BHP recently implemented a four-pillar company strategy which would focus on iron ore, copper, coal and petroleum assets with the view that these held the most profitable assets.
Potash is seen as the fifth pillar, with the company last year announcing it planned to invest $800 million in the commodity per year.
Amid growing concerns over China’s growth, Mackenzie said the country’s steel production was set to total 1.1 billion metric tonnes within the next 10 years.
"China's urbanisation has a long way to run," Mackenzie said.
He said a crackdown on Chinese pollution would mean steel mills increasingly look to high grade material, much of which is produced in Australia, but conceded BHP was over-zealous in its expansion of iron ore operations.

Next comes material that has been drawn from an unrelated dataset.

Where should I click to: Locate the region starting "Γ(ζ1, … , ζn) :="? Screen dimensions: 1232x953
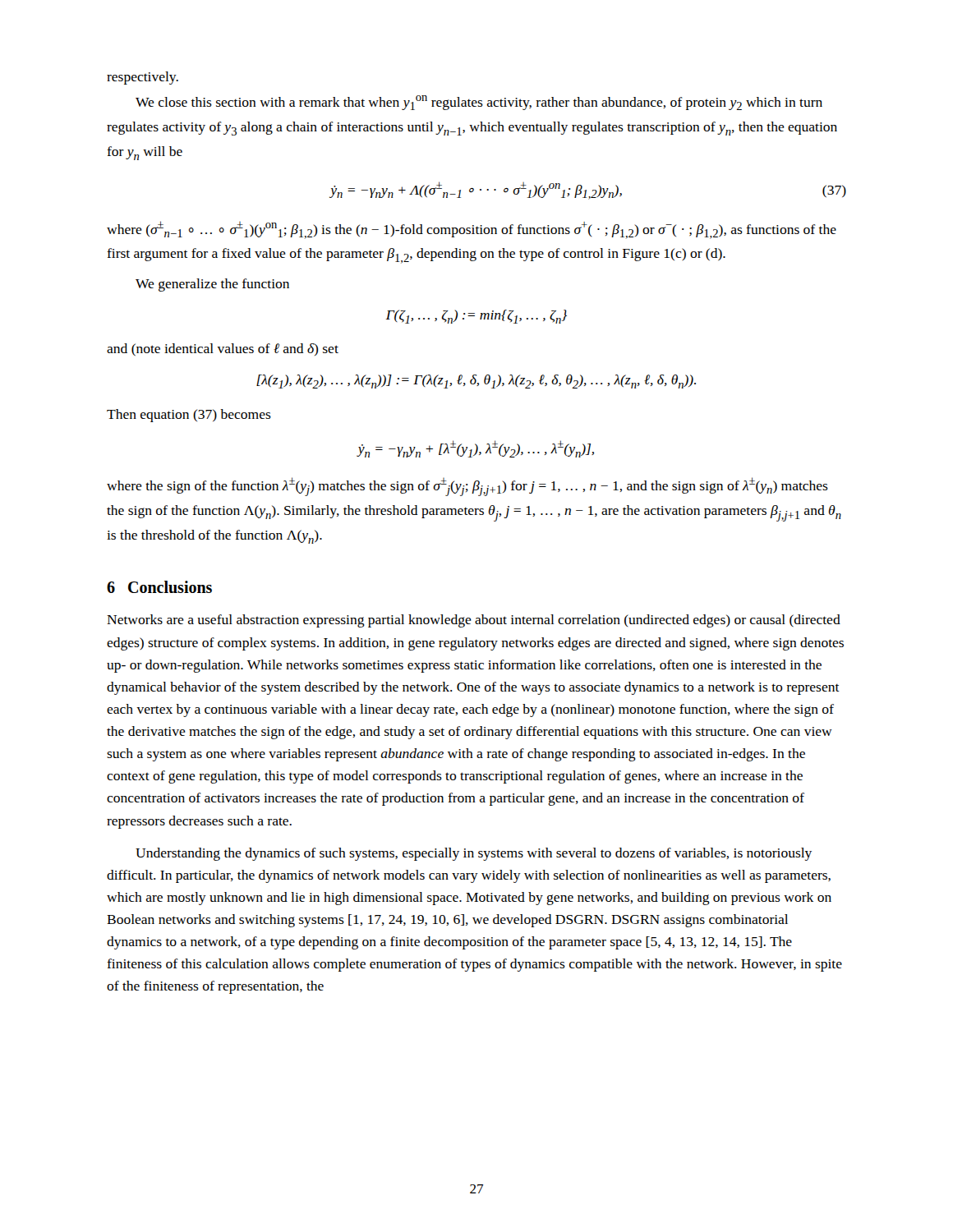476,316

“We don’t quite see the case for the scale of investment we saw in last 10 years … But the base business we built is going to be a strong bedrock for decades to come,” Mackenzie said.
While not commenting directly on lower iron prices, which have dropped 30 per cent since the start of 2014 and sit at around $US92 a tonne, Mackenzie said he was “open to the fact that this year a lot more low-cost supply has been added and we expect the demand to grow”.
Highlighting the company’s low cash cost, he said BHP was still “strongly competitive at prices much lower than today's prices”.
And while coal prices have also been hammered, Mackenzie was bullish about its future demand in China with energy consumption set to increase.
“We probably need more coal, not less,” Mackenzie said.